_WHAT IS EXPECTED:_
Within the data below, find the string "degrees" and return each line where it occurs.
(MATERIAL FOR THIS TASK)
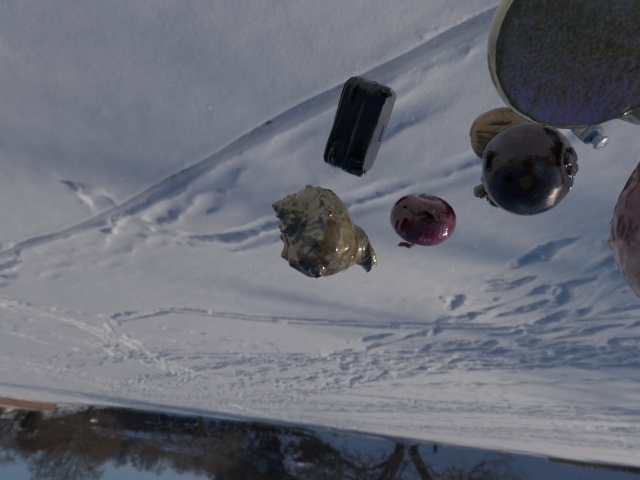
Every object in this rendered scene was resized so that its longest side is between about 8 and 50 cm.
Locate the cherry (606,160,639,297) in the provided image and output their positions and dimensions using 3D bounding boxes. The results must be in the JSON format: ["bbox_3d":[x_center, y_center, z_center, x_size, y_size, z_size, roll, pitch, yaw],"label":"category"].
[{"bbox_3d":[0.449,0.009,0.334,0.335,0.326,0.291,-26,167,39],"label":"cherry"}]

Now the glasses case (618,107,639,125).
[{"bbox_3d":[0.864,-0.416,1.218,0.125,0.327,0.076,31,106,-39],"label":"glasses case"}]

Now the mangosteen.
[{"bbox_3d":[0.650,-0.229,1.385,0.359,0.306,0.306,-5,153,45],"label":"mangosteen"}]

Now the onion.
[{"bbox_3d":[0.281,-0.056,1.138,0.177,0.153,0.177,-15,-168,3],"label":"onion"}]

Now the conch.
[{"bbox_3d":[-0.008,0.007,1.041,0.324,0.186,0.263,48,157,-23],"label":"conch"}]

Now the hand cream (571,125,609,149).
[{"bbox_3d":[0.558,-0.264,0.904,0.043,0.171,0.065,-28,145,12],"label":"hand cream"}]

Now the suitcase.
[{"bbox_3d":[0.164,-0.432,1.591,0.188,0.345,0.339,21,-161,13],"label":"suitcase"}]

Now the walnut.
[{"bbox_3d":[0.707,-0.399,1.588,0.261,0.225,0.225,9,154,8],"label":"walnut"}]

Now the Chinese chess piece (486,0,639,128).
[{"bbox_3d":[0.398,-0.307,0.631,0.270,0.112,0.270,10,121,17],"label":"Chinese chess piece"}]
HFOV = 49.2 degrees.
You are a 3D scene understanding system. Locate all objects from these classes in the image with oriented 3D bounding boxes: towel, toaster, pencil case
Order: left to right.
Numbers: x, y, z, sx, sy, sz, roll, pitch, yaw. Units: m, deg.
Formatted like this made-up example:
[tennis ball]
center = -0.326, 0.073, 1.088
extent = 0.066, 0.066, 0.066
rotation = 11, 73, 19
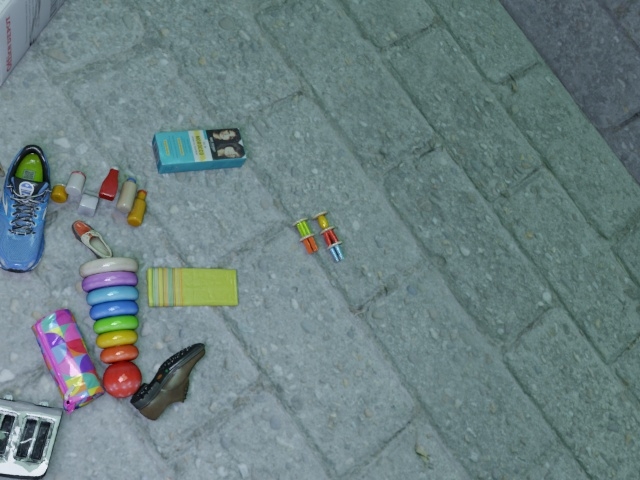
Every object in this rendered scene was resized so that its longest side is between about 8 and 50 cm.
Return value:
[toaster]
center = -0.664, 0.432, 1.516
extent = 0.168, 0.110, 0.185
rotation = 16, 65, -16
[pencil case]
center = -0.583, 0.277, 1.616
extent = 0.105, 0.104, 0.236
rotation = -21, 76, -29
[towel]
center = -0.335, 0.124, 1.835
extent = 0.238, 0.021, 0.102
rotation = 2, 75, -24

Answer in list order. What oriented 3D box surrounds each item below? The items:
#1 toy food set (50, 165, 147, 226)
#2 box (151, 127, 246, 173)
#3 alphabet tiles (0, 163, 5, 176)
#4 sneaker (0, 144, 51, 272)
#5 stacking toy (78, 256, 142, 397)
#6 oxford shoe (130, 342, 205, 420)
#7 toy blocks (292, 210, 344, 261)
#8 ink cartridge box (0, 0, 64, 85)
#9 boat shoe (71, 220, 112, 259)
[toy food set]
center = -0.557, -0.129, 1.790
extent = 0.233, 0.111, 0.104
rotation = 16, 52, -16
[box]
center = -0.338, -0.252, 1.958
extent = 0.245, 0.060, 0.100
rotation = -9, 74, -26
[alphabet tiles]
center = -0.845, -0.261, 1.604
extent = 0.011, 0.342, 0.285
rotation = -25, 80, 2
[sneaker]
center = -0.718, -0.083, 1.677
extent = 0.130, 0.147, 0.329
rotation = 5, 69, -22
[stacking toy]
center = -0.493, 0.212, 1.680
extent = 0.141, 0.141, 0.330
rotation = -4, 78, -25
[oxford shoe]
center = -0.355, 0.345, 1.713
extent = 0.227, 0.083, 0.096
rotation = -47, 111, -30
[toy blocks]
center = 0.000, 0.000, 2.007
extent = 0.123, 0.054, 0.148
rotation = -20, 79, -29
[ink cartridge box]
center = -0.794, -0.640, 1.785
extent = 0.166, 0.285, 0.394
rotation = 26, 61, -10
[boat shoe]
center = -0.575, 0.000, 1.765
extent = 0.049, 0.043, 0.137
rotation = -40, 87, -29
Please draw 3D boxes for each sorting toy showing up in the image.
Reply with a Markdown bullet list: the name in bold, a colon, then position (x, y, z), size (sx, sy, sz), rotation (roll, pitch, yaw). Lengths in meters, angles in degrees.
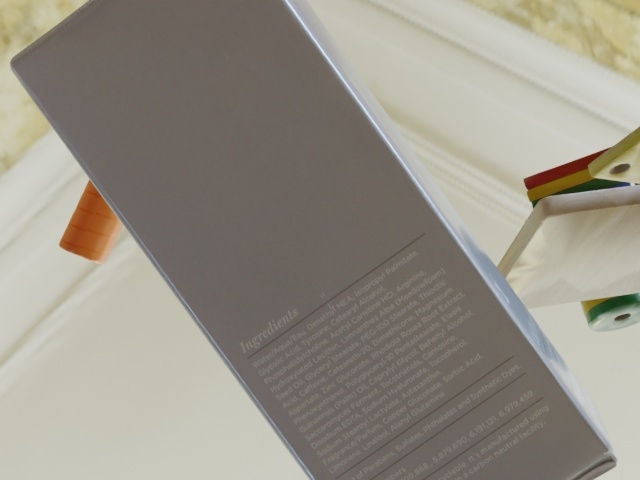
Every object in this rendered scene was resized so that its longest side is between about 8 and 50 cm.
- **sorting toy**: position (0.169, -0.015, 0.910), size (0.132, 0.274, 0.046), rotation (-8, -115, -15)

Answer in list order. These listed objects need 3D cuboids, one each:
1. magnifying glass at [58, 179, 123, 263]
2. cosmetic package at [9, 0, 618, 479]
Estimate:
(End MATERIAL FOR THIS TASK)
_ANSWER SECTION:_
HFOV = 49.2 degrees.
Reply with a Markdown bullet list: the name in bold, a colon, then position (x, y, z), size (sx, sy, sz), rotation (roll, pitch, yaw). Lengths in meters, angles in degrees.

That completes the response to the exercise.